[SOLVED] Unable to join 3rd node to cluster

gurgle

Renowned Member
Sep 2, 2015
16
0
66
Hi i have a 2 node cluster and i'm trying to add a third node but i keep getting errors. From the new node I can successfully join the cluster but I get the below error. If i try join the cluster using the webui the page hangs after entering in the join details and then won't reload or I get a Connection Error message. On the current cluster, the new node is added but i'm unable to select any of the sections (summary, nodes, shell etc) with out a Communication Failure error.


pve.jpg

This is from using the proxmox 6.2 ISO, and persists whether i update the new server or not prior to attempting to join the cluster. Despite not being able to access it from the cluster the cluster performance is crazy unstable after doing this. On the webui nodes drop in and out and the page takes ages to load or do anything.

Can anyone help please?
 
hi,

are the first 2 nodes are also running the latest version?

can you post the outputs of:
Code:
cat /etc/hosts # on all nodes
pvecm status # on all nodes
journalctl -xe # on last node
cat /etc/pve/corosync.conf # on all nodes
 
Hey thanks for the reply. Details below.

Bash:
root@host1:~# pveversion
pve-manager/6.2-4/9824574a (running kernel: 5.4.41-1-pve)

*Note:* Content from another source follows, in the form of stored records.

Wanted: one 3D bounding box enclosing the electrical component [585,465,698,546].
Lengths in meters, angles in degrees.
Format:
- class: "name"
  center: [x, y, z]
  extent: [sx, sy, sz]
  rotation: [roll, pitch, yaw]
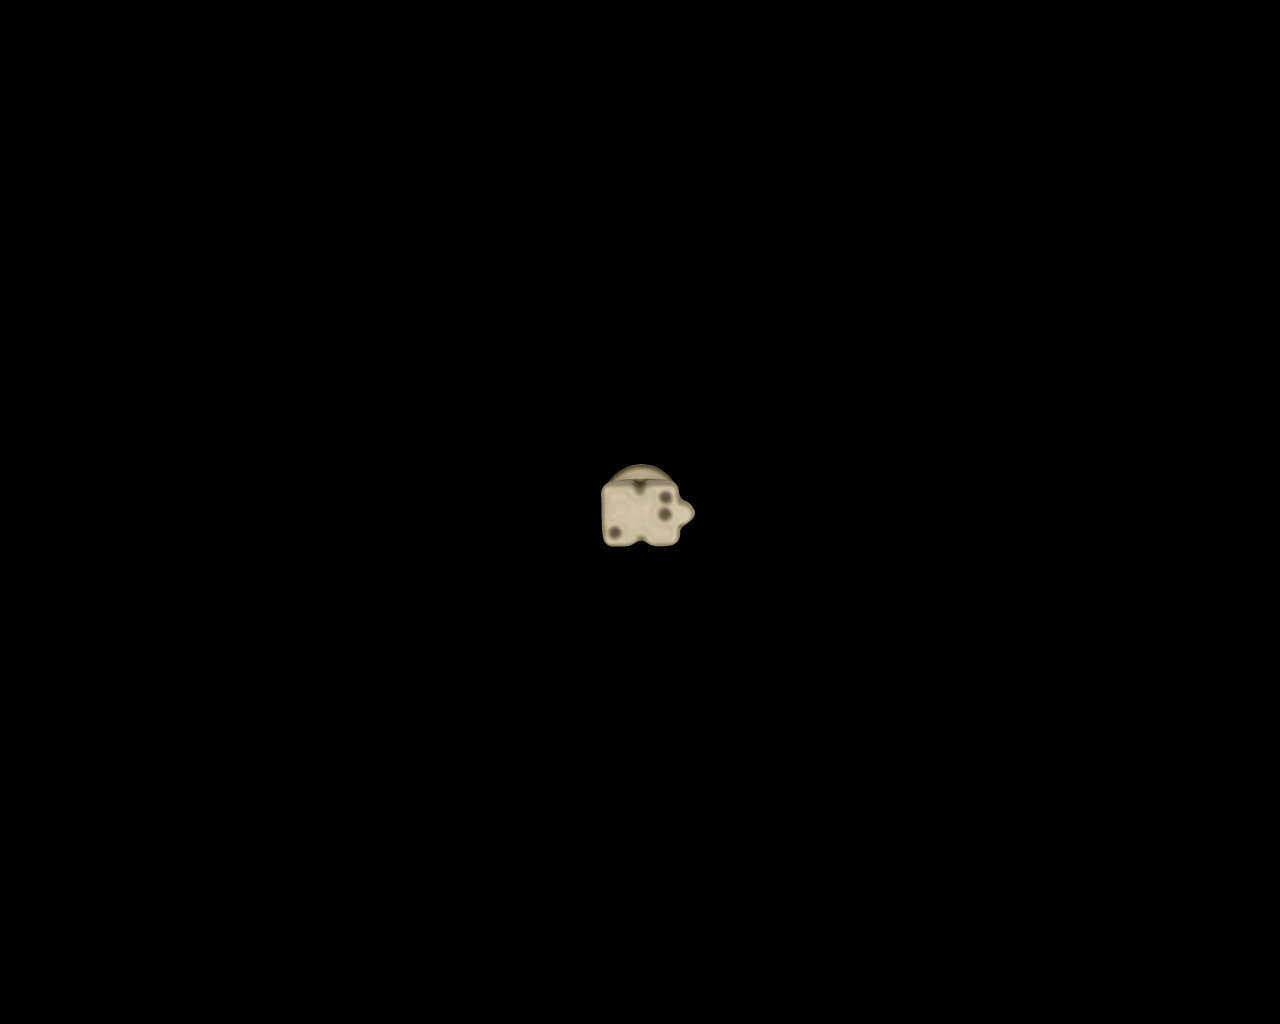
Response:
- class: "electrical component"
  center: [0.001, -0.003, 0.650]
  extent: [0.066, 0.048, 0.055]
  rotation: [0, 9, 0]
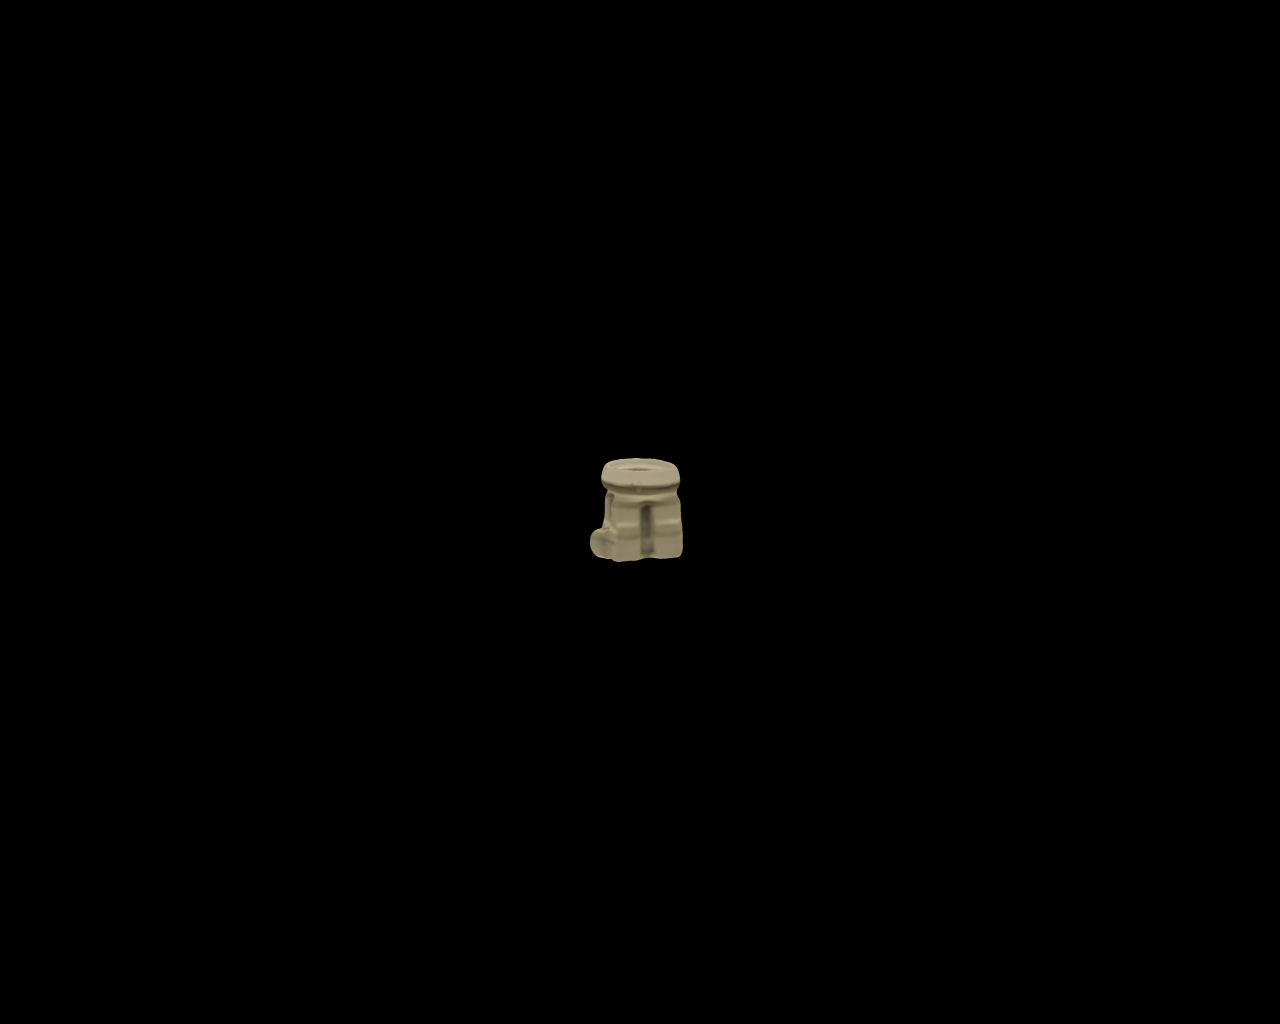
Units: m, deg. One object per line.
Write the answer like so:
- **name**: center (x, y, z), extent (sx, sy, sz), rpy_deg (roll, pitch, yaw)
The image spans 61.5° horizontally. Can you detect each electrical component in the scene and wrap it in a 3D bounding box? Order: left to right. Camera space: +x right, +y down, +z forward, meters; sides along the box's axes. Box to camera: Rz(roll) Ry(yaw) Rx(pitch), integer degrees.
- **electrical component**: center (0.001, -0.003, 0.650), extent (0.066, 0.055, 0.048), rpy_deg (-4, 16, -14)
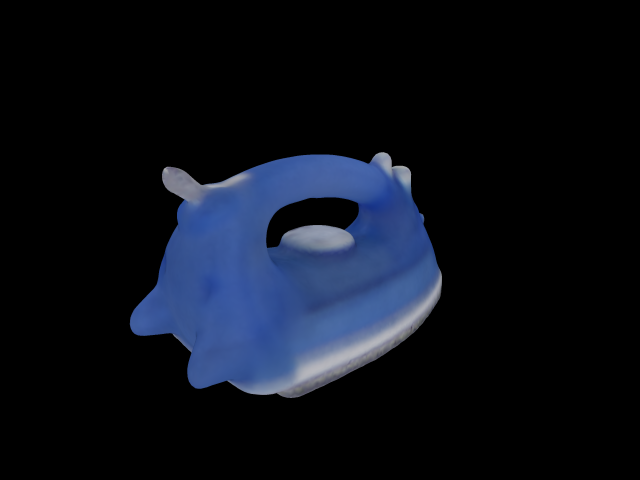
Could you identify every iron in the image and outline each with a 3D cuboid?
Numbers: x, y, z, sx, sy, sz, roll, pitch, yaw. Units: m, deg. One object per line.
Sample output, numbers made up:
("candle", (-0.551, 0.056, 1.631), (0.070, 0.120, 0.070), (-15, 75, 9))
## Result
("iron", (0.004, 0.001, 0.400), (0.259, 0.141, 0.118), (-17, 26, -38))
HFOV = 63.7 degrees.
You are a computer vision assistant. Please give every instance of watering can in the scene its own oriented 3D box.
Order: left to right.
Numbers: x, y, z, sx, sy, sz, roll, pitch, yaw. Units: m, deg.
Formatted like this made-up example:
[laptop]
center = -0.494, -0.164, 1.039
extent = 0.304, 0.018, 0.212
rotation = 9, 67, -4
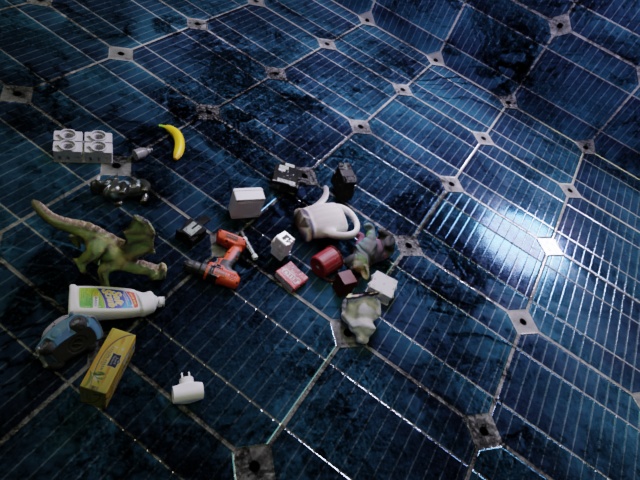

root@host1:~# cat /etc/hosts
127.0.0.1 localhost.localdomain localhost
192.168.0.175 host1.domain host1
192.168.0.170 host3.domain host3    # this i added manually while troubleshooting

# The following lines are desirable for IPv6 capable hosts

::1     ip6-localhost ip6-loopback
fe00::0 ip6-localnet
ff00::0 ip6-mcastprefix
ff02::1 ip6-allnodes
ff02::2 ip6-allrouters
ff02::3 ip6-allhosts

root@host1:~# pvecm status
Cluster information
-------------------
Name:             constellation
Config Version:   15
Transport:        knet
Secure auth:      on

Quorum information
------------------
Date:             Wed Jun 10 12:29:52 2020
Quorum provider:  corosync_votequorum
Nodes:            2
Node ID:          0x00000001
Ring ID:          1.1417
Quorate:          Yes

Votequorum information
----------------------
Expected votes:   2     # this i changed from 3 to 2 while troubleshooting
Highest expected: 2
Total votes:      2
Quorum:           2
Flags:            Quorate

Membership information
----------------------
    Nodeid      Votes Name
0x00000001          1 192.168.0.175 (local)
0x00000002          1 192.168.0.192

root@host1:~# cat /etc/pve/corosync.conf
logging {
  debug: off
  to_syslog: yes
}

nodelist {
  node {
    name: host3
    nodeid: 3
    quorum_votes: 1
    ring0_addr: 192.168.0.170
  }
  node {
    name: host1
    nodeid: 1
    quorum_votes: 1
    ring0_addr: 192.168.0.175
  }
  node {
    name: host2
    nodeid: 2
    quorum_votes: 1
    ring0_addr: 192.168.0.192
  }
}

quorum {
  provider: corosync_votequorum
}

totem {
  cluster_name: constellation
  config_version: 15
  interface {
    linknumber: 0
  }
  ip_version: ipv4-6
  link_mode: passive
  secauth: on
  version: 2
}

root@host2:~# pveversion
pve-manager/6.2-4/9824574a (running kernel: 5.4.41-1-pve)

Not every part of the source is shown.